La contraffazione sbarca su Instagram

Instagram, social network usato da moltissime persone di tutte le età, da personaggi famosi e da intere aziende per postare le proprie foto, sia personali che dei prodotti, è sempre più utilizzato per comprare o vendere oggetti.
Inizialmente questo social era stato pensato per mostrare i propri momenti al mondo attraverso delle foto e se fino a qualche anno fa gli utenti che navigavano su Instagram postavano soprattutto foto di alimenti o di loro stessi in momenti più o meno importanti, con il passare del tempo anche le case di moda e gli stilisti sono approdati sul social, creando un enorme problema: la contraffazione tramite Instagram.
Il fenomeno di comprare e vendere prodotti di marche contraffatte non è limitato solo a questo social network.
Lo scorso anno Google e WeChat hanno bloccato rispettivamente 18mila e 7mila account che commercializzavano prodotti falsi, ma sono sempre di più le bande russe o cinesi che aprono un account Instagram a questo scopo, spesso spacciando i propri articoli per autentici, ingannando i clienti.
Il processo è abbastanza semplice, gli account postano foto di borse, gioielli, vestiti e scarpe spacciandoli per capi firmati, l’utente sceglie ciò che preferisce e viene invitato a contrattare sul prezzo su social esterni ad instagram.
A contrattazione avvenuta il cliente deve pagare tramite Paypal o Western Union.
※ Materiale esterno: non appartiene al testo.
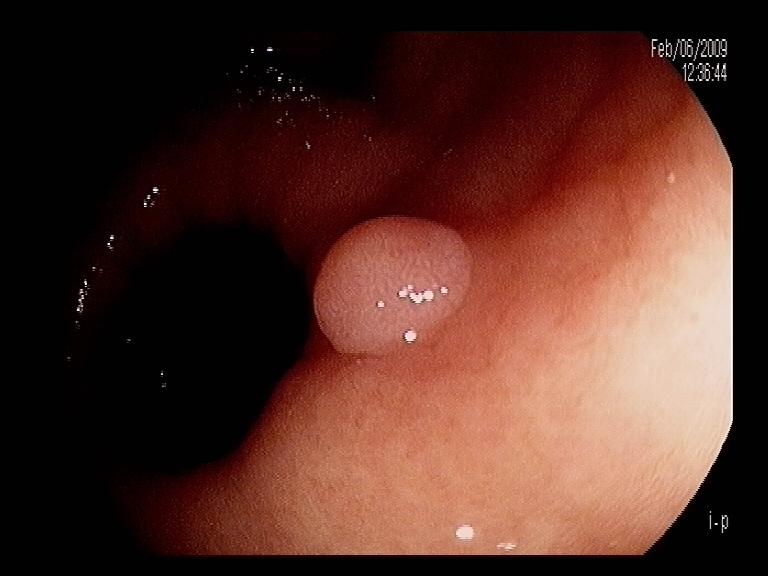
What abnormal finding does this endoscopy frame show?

colon polyp

Tuttavia esistono account Instagram che dichiarano pubblicamente di vendere articoli contraffatti, in questo modo il compratore sa benissimo che cosa sta comprando e può anche confrontare i prezzi; questi profili solitamente utilizzano l’hashtag 1:1 che serve per descrivere un articolo falso, ma simile all’originale.
Il problema principale non sono questi tipi di profili, ma quelli che spacciano per originali prodotti falsi vendendoli a prezzi poco più bassi e, purtroppo, ingannando tutti.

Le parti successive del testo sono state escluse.